The output is the lines below from the one with "11. hammer <box>900,260,1351,688</box>" through the one with "20. spatula <box>1043,880,1516,1261</box>", both included, printed exactly and with no other line.

● ● ● ● ●

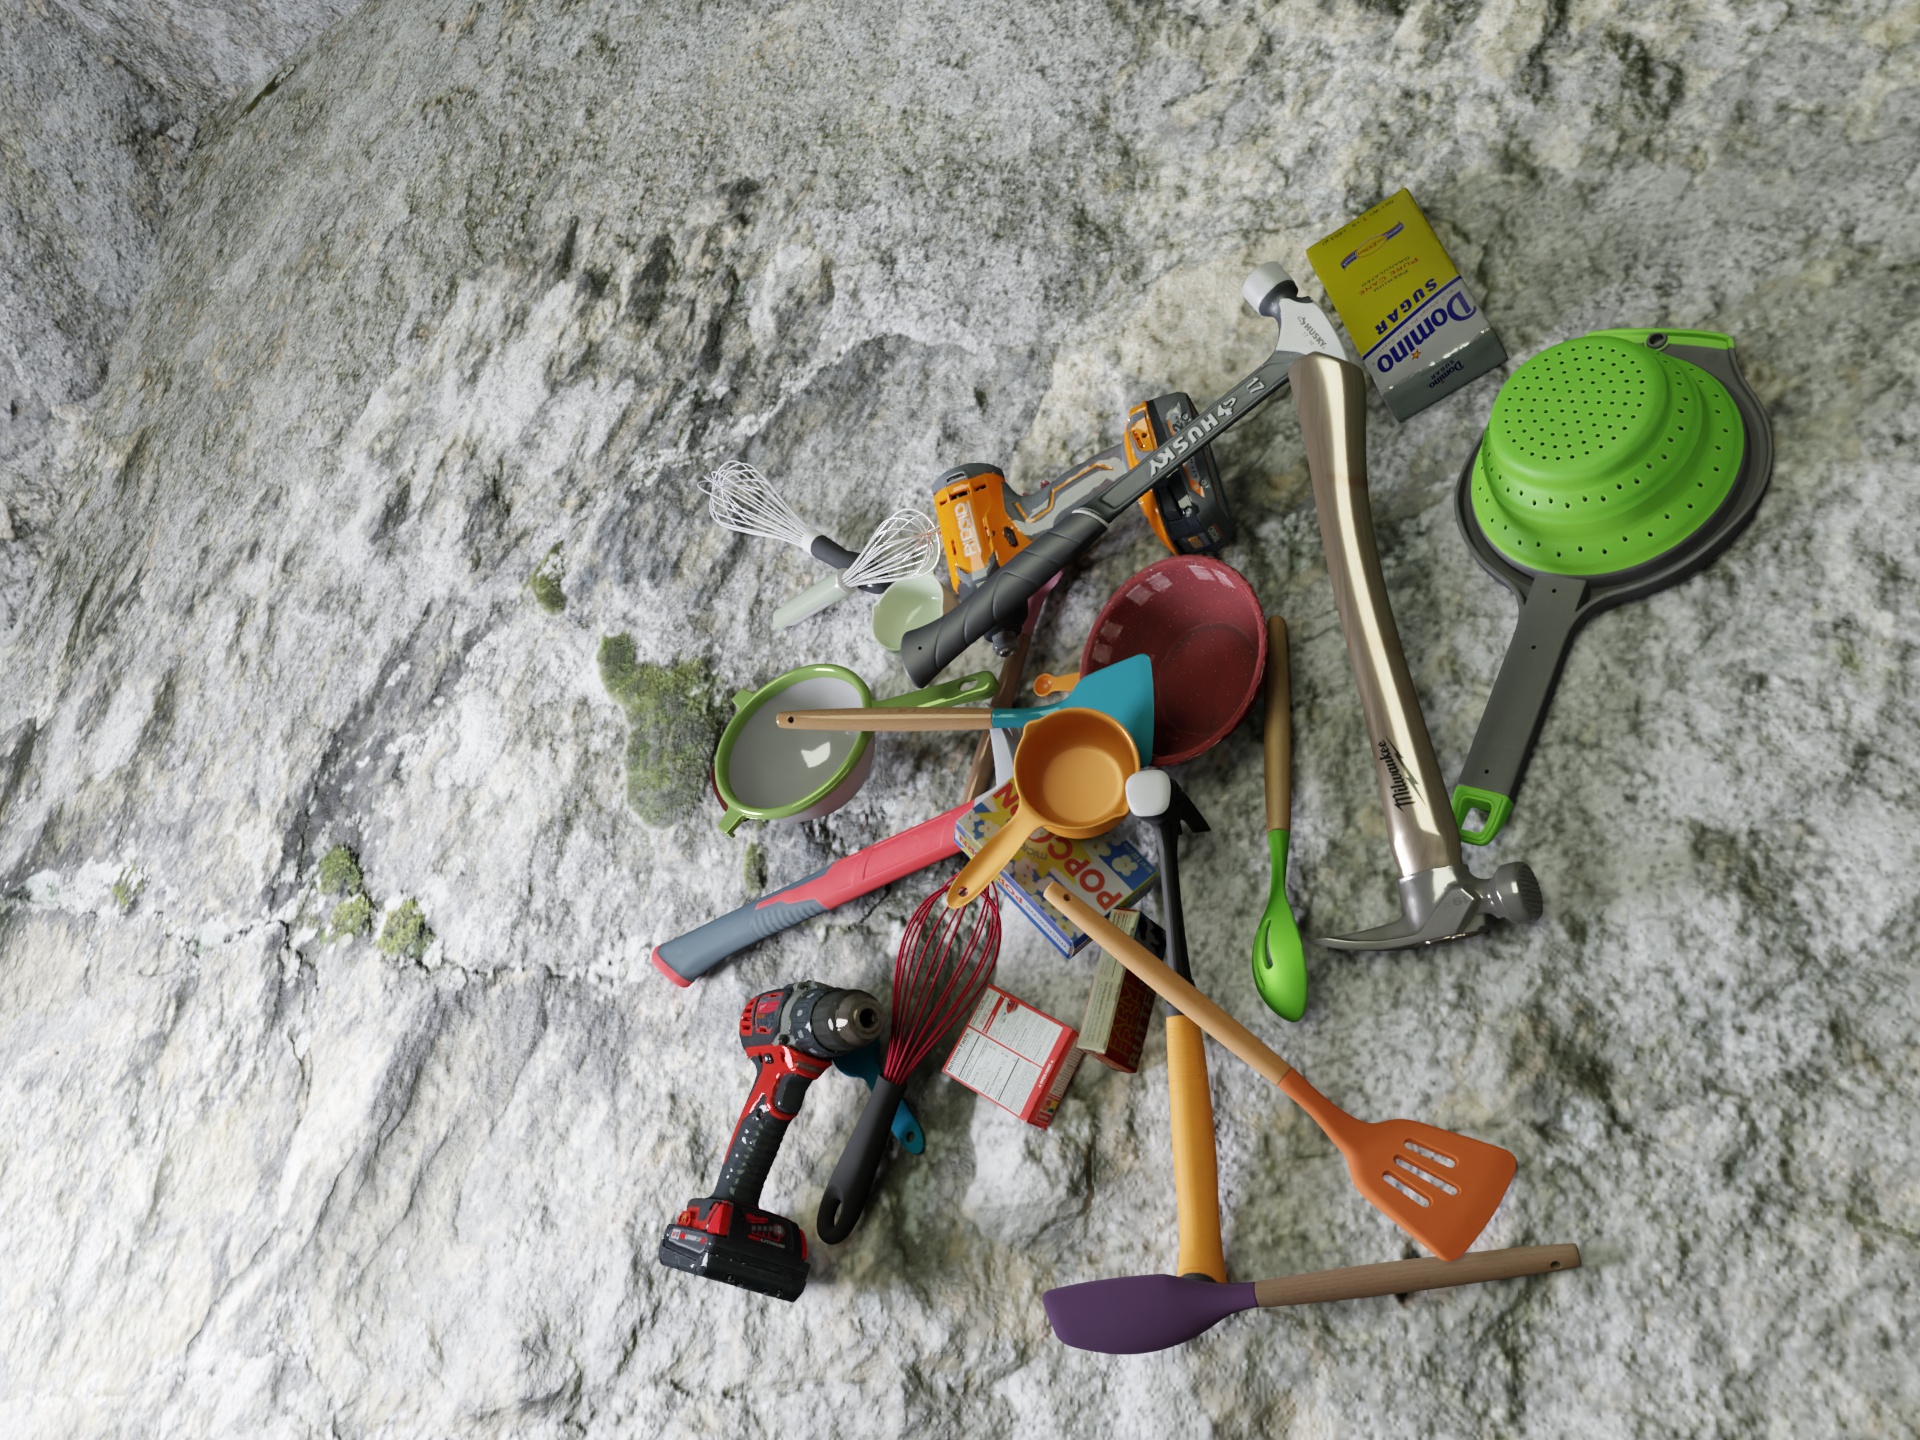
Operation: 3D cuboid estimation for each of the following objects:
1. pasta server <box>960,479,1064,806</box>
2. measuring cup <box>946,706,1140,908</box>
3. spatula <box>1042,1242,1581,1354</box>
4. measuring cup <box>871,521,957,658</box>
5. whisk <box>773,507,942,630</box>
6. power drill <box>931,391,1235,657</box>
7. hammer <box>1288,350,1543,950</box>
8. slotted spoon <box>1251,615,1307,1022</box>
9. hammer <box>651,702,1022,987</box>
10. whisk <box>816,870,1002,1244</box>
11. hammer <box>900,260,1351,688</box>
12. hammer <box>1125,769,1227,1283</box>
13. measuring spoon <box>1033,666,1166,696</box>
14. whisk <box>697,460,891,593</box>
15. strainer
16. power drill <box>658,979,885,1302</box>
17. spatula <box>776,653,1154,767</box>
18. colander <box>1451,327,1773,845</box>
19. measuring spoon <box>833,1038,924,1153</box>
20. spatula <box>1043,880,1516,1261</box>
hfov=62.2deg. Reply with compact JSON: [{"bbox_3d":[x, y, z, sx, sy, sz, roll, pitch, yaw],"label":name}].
[{"bbox_3d":[0.041,-0.048,1.301,0.060,0.040,0.316,11,72,22],"label":"pasta server"},{"bbox_3d":[0.054,0.070,1.115,0.095,0.052,0.173,42,85,17],"label":"measuring cup"},{"bbox_3d":[0.201,0.337,0.938,0.316,0.059,0.018,-15,18,19],"label":"spatula"},{"bbox_3d":[-0.019,-0.127,1.394,0.083,0.038,0.168,10,69,40],"label":"measuring cup"},{"bbox_3d":[-0.096,-0.126,1.410,0.246,0.058,0.059,-24,91,48],"label":"whisk"},{"bbox_3d":[0.095,-0.151,1.262,0.226,0.084,0.164,-18,68,17],"label":"power drill"},{"bbox_3d":[0.266,-0.053,1.059,0.146,0.038,0.411,-21,69,35],"label":"hammer"},{"bbox_3d":[0.219,0.057,1.103,0.031,0.070,0.314,9,58,-4],"label":"slotted spoon"},{"bbox_3d":[-0.104,0.120,1.298,0.386,0.038,0.143,-26,57,27],"label":"hammer"},{"bbox_3d":[-0.042,0.246,1.164,0.073,0.073,0.296,23,90,43],"label":"whisk"},{"bbox_3d":[0.117,-0.159,1.191,0.409,0.036,0.149,-39,65,12],"label":"hammer"},{"bbox_3d":[0.148,0.208,1.045,0.034,0.127,0.337,-9,70,18],"label":"hammer"},{"bbox_3d":[0.111,-0.030,1.259,0.117,0.011,0.021,-4,68,32],"label":"measuring spoon"},{"bbox_3d":[-0.158,-0.181,1.522,0.285,0.070,0.070,33,87,39],"label":"whisk"},{"bbox_3d":[-0.077,0.017,1.308,0.256,0.069,0.152,-16,49,19],"label":"strainer"},{"bbox_3d":[-0.130,0.300,1.167,0.188,0.080,0.227,-23,47,58],"label":"power drill"},{"bbox_3d":[-0.002,-0.004,1.212,0.317,0.044,0.082,-1,87,21],"label":"spatula"},{"bbox_3d":[0.385,-0.113,1.037,0.205,0.094,0.397,13,74,41],"label":"colander"},{"bbox_3d":[-0.064,0.277,1.203,0.042,0.021,0.129,-47,47,6],"label":"measuring spoon"},{"bbox_3d":[0.181,0.198,0.972,0.323,0.041,0.081,38,63,15],"label":"spatula"}]

● ● ● ● ●

- EXERCISE OUTPUT:
11. hammer <box>900,260,1351,688</box>
12. hammer <box>1125,769,1227,1283</box>
13. measuring spoon <box>1033,666,1166,696</box>
14. whisk <box>697,460,891,593</box>
15. strainer
16. power drill <box>658,979,885,1302</box>
17. spatula <box>776,653,1154,767</box>
18. colander <box>1451,327,1773,845</box>
19. measuring spoon <box>833,1038,924,1153</box>
20. spatula <box>1043,880,1516,1261</box>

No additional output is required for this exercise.